# Wyndham Newbie help



## ahfam (Jan 2, 2014)

Hello everyone,

So me and my husband went and bought a Wydham points plus membership but we realized that we really will not be able to use any of the points for quite some time. To offset the price we wanted to rent out our timeshare but I am not sure how to do it.

I have already read the "How to Rent Your Timeshare" link but it doesnt address how to really get things up for rent. So my question is...

1) should we pre-rent the locations for the dates we want? or only book the dates once we have an interested renter?
2) also would it be better to sell out points vs. renting?

Thanks for all your help everyone!!


----------



## ronparise (Jan 2, 2014)

The only way to sell points is to sell the contract.

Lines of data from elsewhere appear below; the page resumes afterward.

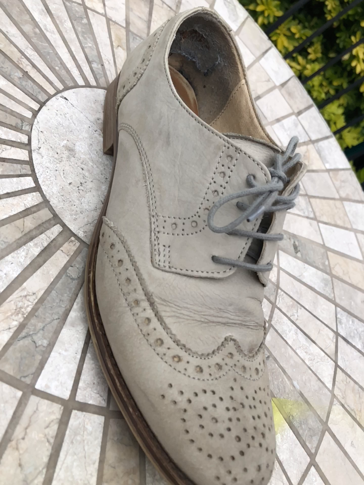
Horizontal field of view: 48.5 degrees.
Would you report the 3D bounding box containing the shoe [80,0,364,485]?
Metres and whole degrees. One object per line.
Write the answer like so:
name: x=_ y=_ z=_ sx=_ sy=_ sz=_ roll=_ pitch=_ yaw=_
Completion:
shoe: x=0.009 y=-0.010 z=0.212 sx=0.090 sy=0.078 sz=0.257 roll=12 pitch=60 yaw=-38
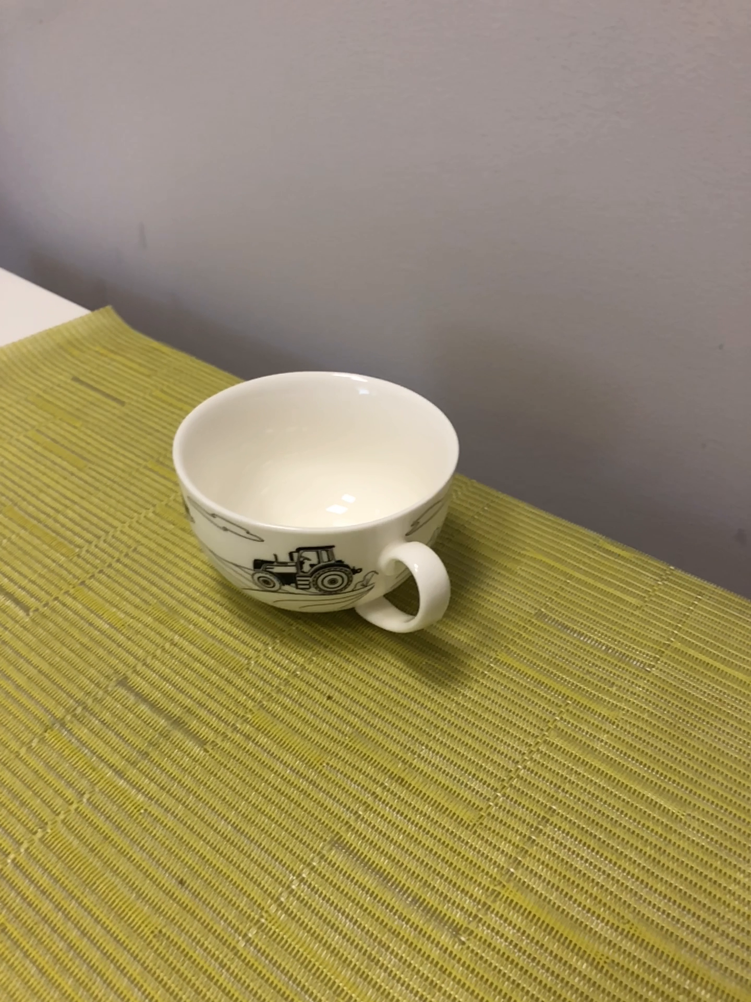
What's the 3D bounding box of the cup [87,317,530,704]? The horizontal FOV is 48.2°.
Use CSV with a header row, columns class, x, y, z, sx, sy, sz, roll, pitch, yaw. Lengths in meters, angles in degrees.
class,x,y,z,sx,sy,sz,roll,pitch,yaw
cup,-0.025,-0.007,0.276,0.088,0.051,0.114,-24,44,-31
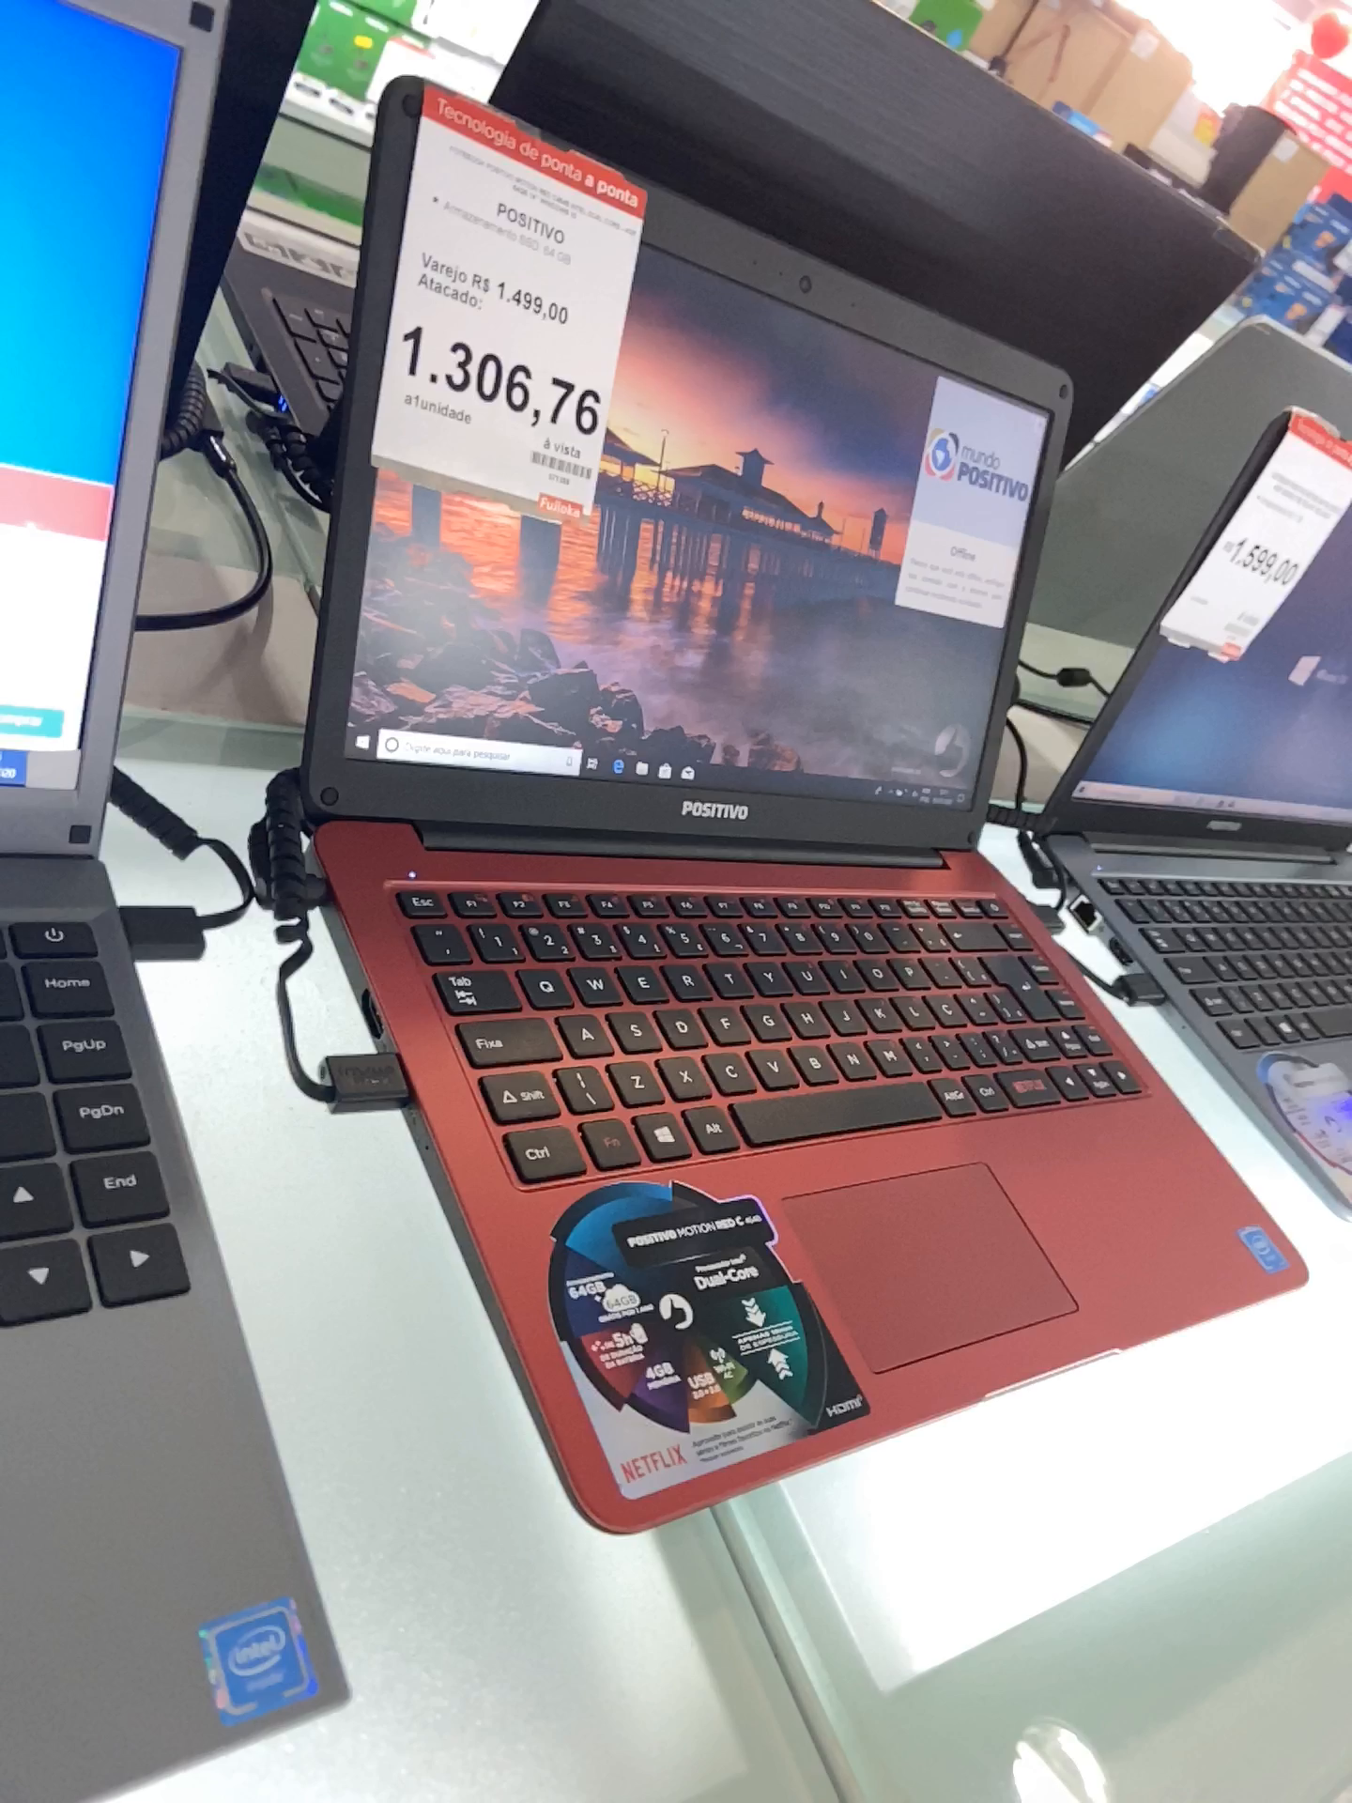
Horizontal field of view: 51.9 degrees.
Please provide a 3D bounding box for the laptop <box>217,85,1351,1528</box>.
[{"bbox_3d":[0.077,-0.044,0.442,0.322,0.167,0.333,2,45,-40],"label":"laptop"}]
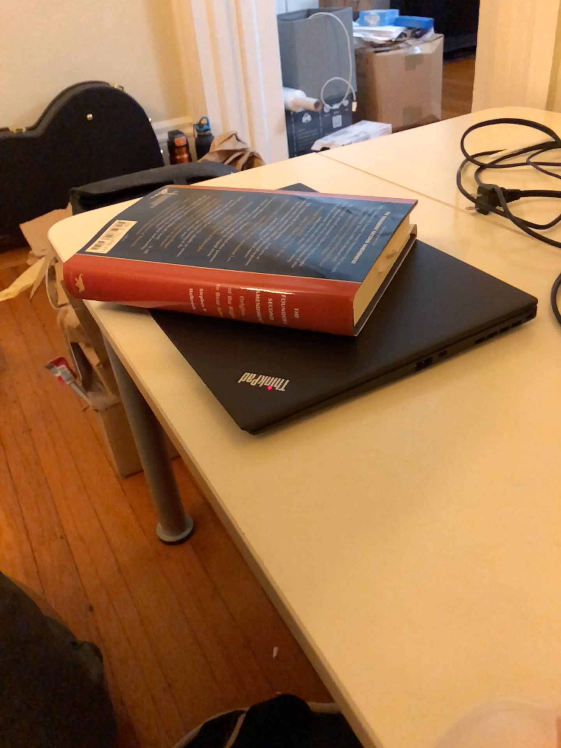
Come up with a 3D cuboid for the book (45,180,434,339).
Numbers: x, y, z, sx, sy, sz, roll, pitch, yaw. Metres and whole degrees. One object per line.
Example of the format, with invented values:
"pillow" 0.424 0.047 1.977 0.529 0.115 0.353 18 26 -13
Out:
"book" -0.024 -0.100 0.469 0.240 0.040 0.171 9 37 25

renting can be done one of two ways.. "Speculative bookings", ie make a reservation and rent it

or "rent to order" ie find out what your customer wants, then book that, and rent it to him.

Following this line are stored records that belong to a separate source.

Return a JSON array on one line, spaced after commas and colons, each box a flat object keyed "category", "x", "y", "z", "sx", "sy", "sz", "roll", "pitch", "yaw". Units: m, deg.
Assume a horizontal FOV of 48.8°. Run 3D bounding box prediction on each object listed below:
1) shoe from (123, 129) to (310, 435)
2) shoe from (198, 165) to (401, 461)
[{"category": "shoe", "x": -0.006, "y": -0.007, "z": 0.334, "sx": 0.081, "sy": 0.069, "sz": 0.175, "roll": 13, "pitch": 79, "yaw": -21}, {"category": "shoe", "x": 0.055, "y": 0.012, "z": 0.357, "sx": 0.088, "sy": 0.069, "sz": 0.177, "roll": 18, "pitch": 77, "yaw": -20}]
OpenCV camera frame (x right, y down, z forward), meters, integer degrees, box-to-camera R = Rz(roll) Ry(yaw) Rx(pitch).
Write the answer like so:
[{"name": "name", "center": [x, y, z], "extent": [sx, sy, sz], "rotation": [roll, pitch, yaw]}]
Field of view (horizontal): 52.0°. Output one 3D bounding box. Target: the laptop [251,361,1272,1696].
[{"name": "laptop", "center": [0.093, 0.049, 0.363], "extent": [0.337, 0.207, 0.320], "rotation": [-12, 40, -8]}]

I do speculative bookings, I reserve high demand weeks and weekends way in advance, and rent them.  This is where I make the most money...I also will rent to order, but I cant get as much for these. 

Just be aware that there are owners that can charge as little as $3/1000 points and still make money. Thats your competition, and its hard to beat. and thats why I try for as many of those hard to get, high demand weeks as I can get.


----------



## vacationhopeful (Jan 2, 2014)

And most HIGH DEMAND weeks are booked using your ARP -- where your points are deeded at....

AND I seldom rent anything last minute booking to match to someone' desires ... like the Super Bowl -- the teams won't be know for a couple of weeks, but (if there was a Wyndham across the street), that was totally booked at the 13 month 7AM mark... and that is NOT 7:01AM...

PS Those $3/1k cost of MFs are also with lots of FREE GC and Free RTs and Free HKs .... I don't think you brought a Platinum VIP package .. most first timers (and that includes me) have limitless money.


----------



## ahfam (Jan 9, 2014)

Thank you so much for the advice....I will be sure to look into speculative booking as that seems safest for a newbie like me

@vacationhopeful: sorry for my ignorance but you threw out a lot of initials, what does MF/GT/HK & RT mean? I will be sure not to fall into the last minute booking trap.

Thanks again!!!


----------



## learnalot (Jan 9, 2014)

ahfam said:


> Thank you so much for the advice....I will be sure to look into speculative booking as that seems safest for a newbie like me
> 
> @vacationhopeful: sorry for my ignorance but you threw out a lot of initials, what does MF/GT/HK & RT mean? I will be sure not to fall into the last minute booking trap.
> 
> Thanks again!!!



MF=Maintenance Fees
GC = guest certificate
HK = housekeeping credits
RT = reservation transactions


----------